Тёмный рыцарь - Пол Догерти

Шрифт:

-
+

Интервал:

-
+

Закладка:

Сделать
1 ... 42 43 44 45 46 47 48 49 50 ... 72
Перейти на страницу:

— Как бы то ни было, — Парменио увлек Эдмунда дальше по дорожке, — пришел некто и желает видеть тебя. Сказал, что будет говорить лишь с рыцарем-тамплиером.

— А где Майель?

— Куда-то отправился по поручению Беррингтона, — в голосе Парменио прозвучала насмешка. — И упреждая твой вопрос, сразу скажу, что наш достойный магистр и прекрасная Изабелла снова обедают в Вестминстере. Наш король покорен ими. — Он усмехнулся. — В особенности прелестями la belle dame.[110]Ах! — притворно вздохнул он. — На какие только печали и горести обречены вдовцы, верно, Эдмунд? — Он резко развернулся на каблуках и повёл де Пейна назад, на орденское подворье. По выложенному каменными плитами коридору они прошли мимо бесконечных келий, подошли к холлу, здесь Парменио на минуту остановился.

— Да, кстати, — прошептал он, обернувшись через плечо, — она снова здесь, твоя тайная обожательница.

Де Пейн в бессильном раздражении закрыл глаза. Последние несколько дней у главных ворот подворья постоянно видели молодую женщину. Привратники утверждали, что она куртизанка, из очень дорогих. В этот раз она подошла к Парменио и попросила свидания с де Пейном.

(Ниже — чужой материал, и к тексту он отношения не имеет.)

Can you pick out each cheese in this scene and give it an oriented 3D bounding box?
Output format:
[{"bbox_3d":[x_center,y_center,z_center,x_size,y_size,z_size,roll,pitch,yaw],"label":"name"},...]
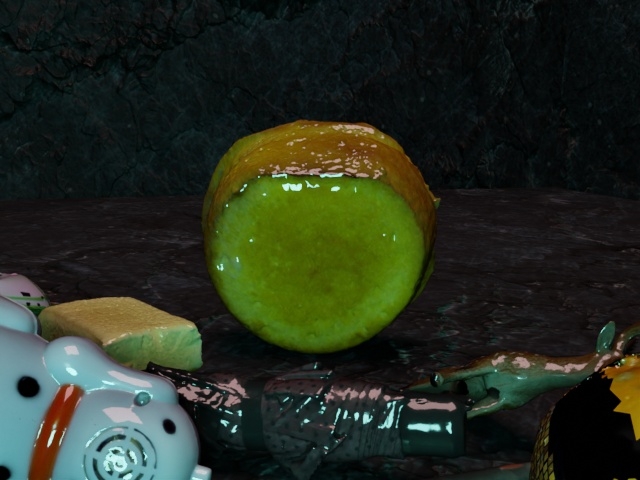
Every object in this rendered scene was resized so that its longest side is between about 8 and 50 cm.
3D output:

— Так что? — спросил генуэзец.

Де Пейн открыл глаза.

— Понимаешь, — Парменио улыбнулся, — она не хочет говорить ни с кем из тамплиеров, только с тобой!

— Придется ей обождать. А это кто такой?

Человек, ожидавший его в холле, при их появлении поднялся. Де Пейн жестом велел двум орденским сержантам отойти подальше.

— Слушаю, — сказал он.

Незнакомец был совсем молодым человеком с открытым честным лицом. Он был гладко выбрит, одет в чистую темно-зеленую рубаху до колен и коричневые штаны в обтяжку, заправленные в мягкие начищенные сапоги. На плечах — плащ с капюшоном, который был сейчас сдвинут и открывал песочного цвета волосы.

— Я говорю на норманнском французском, — голос у незнакомца был тихий, а манера речи выдавала человека образованного. — Служу писарем в лондонской ратуше, зовут меня Мартин Фицосберт. — Он облизнул пересохшие губы и показал запачканные чернилами пальцы.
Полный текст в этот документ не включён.